Task objective
Please return only the lines from the one with "Generate a 3D" through the final line of the data, unchanged, with pictures omitted.

Data
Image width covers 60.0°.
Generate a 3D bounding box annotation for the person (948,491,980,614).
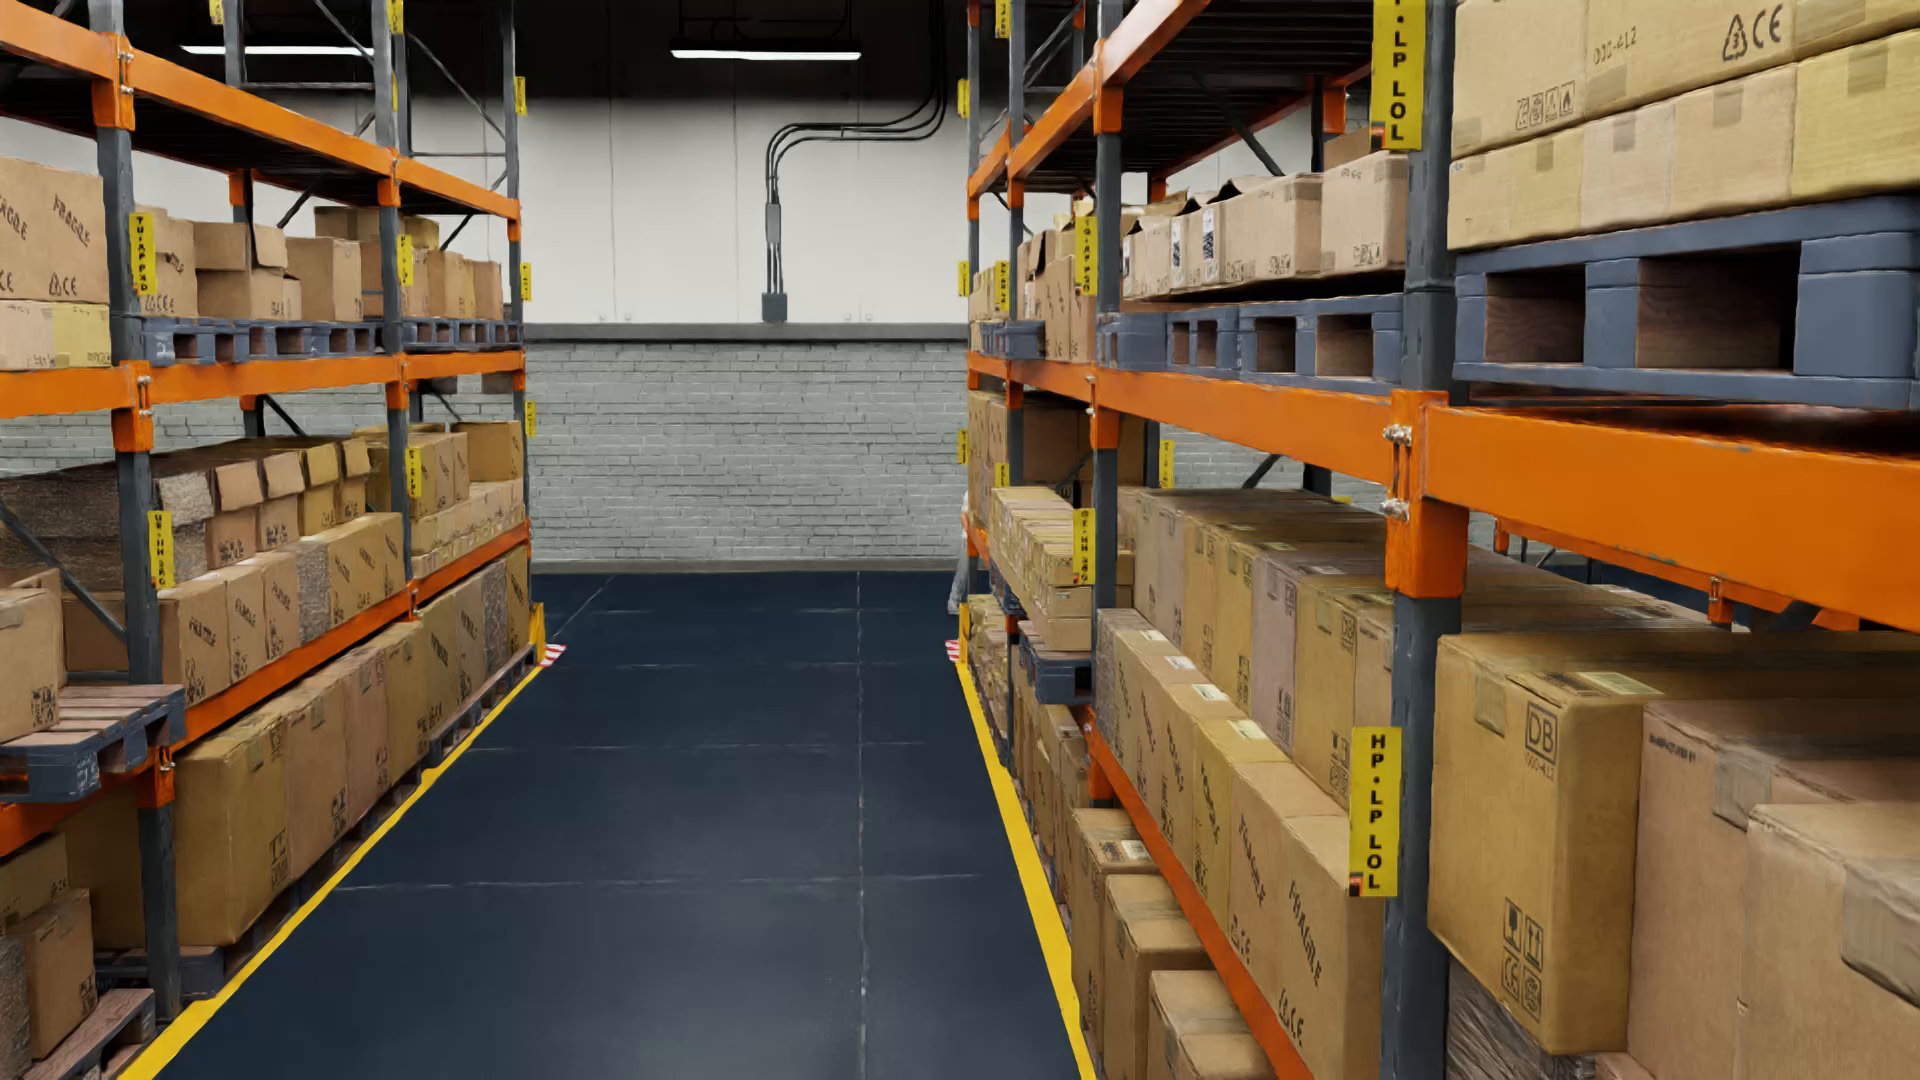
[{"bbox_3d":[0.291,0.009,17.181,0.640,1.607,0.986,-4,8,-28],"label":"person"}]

Solution to this task
Generate a 3D bounding box annotation for the person (948,491,980,614).
[{"bbox_3d":[0.291,0.009,17.181,0.640,1.607,0.986,-4,8,-28],"label":"person"}]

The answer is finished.